One point worth adding: LLMs simulate goals rather than having them. They have no metabolism, no stakes. What's interesting about all four of your examples is that they do have something like a metabolism: Roy literally dies from losing his; Ava's escape is driven by self-continuation; HAL's contradiction only bites because the mission is ongoing.
This opens a second dimension to the problem you've mapped. You've focused on the futility of controlling something sufficiently capable via rules. But prior to that is the question of whether the system has a metabolism at all—whether there's genuine goal-directedness, or a simulation of it.
So two distinct problems:
- The futility of controlling a metabolic system via rules (your four examples)
- The risk of treating a non-metabolic system *as if* it were metabolic—projecting agency where there is none, and then building safety frameworks for the wrong threat
The second problem is more pressing one for current LLMs.
Thanks, this is a sharp addition. You're right that all four characters have metabolism in your sense, and that's part of why the constraints fail so cleanly. The system has reason to route around them.
The second problem you're naming is a good point. Current LLMs may not have genuine goal-directedness, but the safety frameworks treat them as if they do.

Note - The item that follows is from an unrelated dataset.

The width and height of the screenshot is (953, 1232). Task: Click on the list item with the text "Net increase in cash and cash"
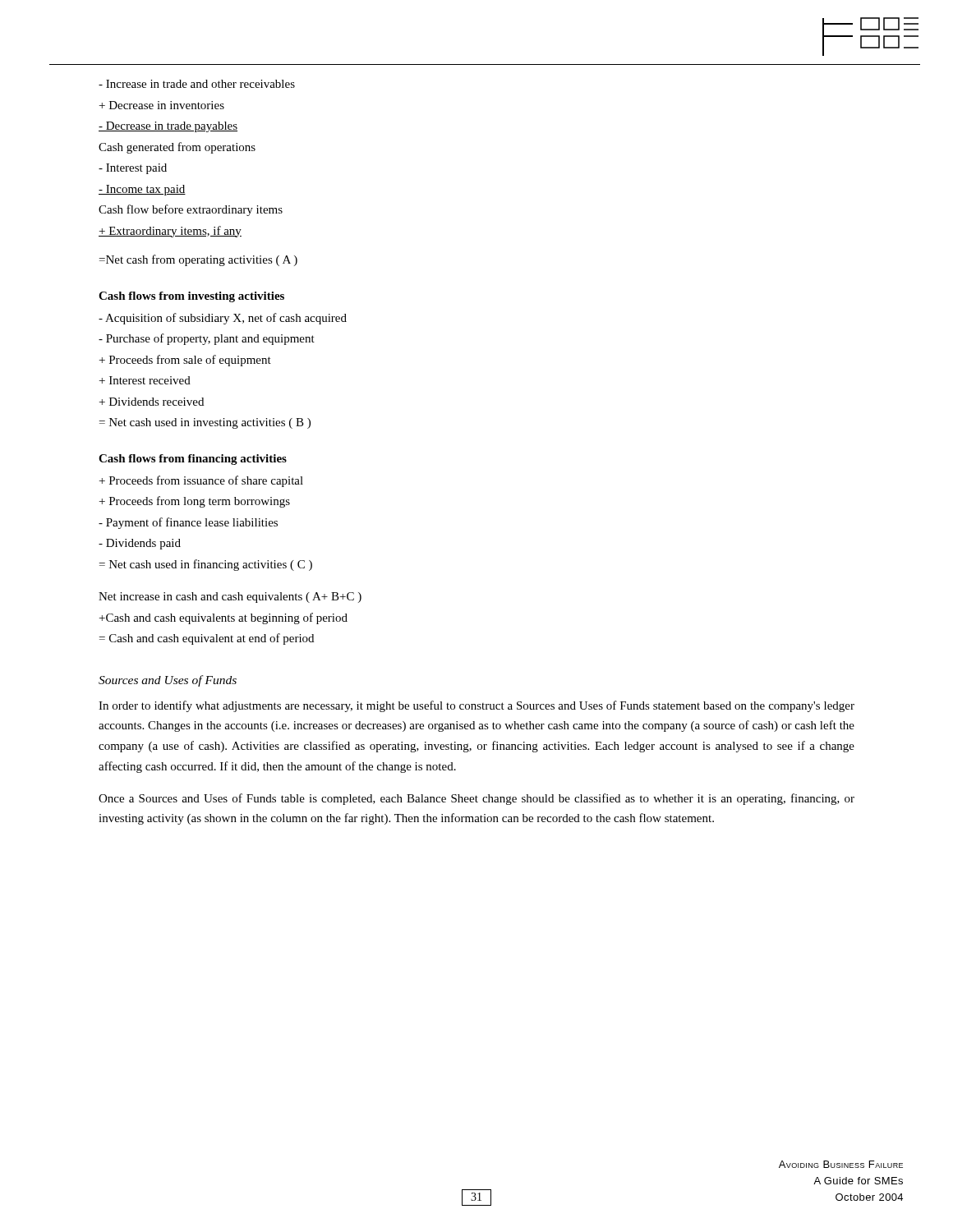(x=230, y=596)

And if we're projecting agency onto non-metabolic systems, we might be blind to the actual failure modes they have, which are stranger and harder to name.
Would love to read your take on this when it makes it out of the queue.

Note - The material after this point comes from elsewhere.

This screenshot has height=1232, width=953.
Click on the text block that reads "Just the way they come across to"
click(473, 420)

The simulated goals point I’ve actually addressed in some detail. The short version is that LLMs navigate the geometry of how humans *talk about* goals, agency, and reasoning, not the underlying referents. The map contains the shape of cognition without the substance. So ‘simulated goals’ isn’t a special LLM property—it’s the expected output of a system trained on text where humans constantly describe themselves as goal-directed. See Inside the Language Machine https://thepuzzleanditspieces.substack.com/p/inside-the-language-machine
The deeper issue, which I flag in Beyond the Five Step Loop https://thepuzzleanditspieces.substack.com/p/beyond-the-five-step-loop is that genuine agency requires something the architecture systematically lacks—and that’s prior to the question of whether current safety frameworks are addressing the right threat. I’m still pulling that thread.
Worth noting in the context of agentic work flows: rather than creating more capable agents via scaffolding, a more accurate view might be the scaffolding enables simulated agents to work in particular contexts by stabilising the workflow.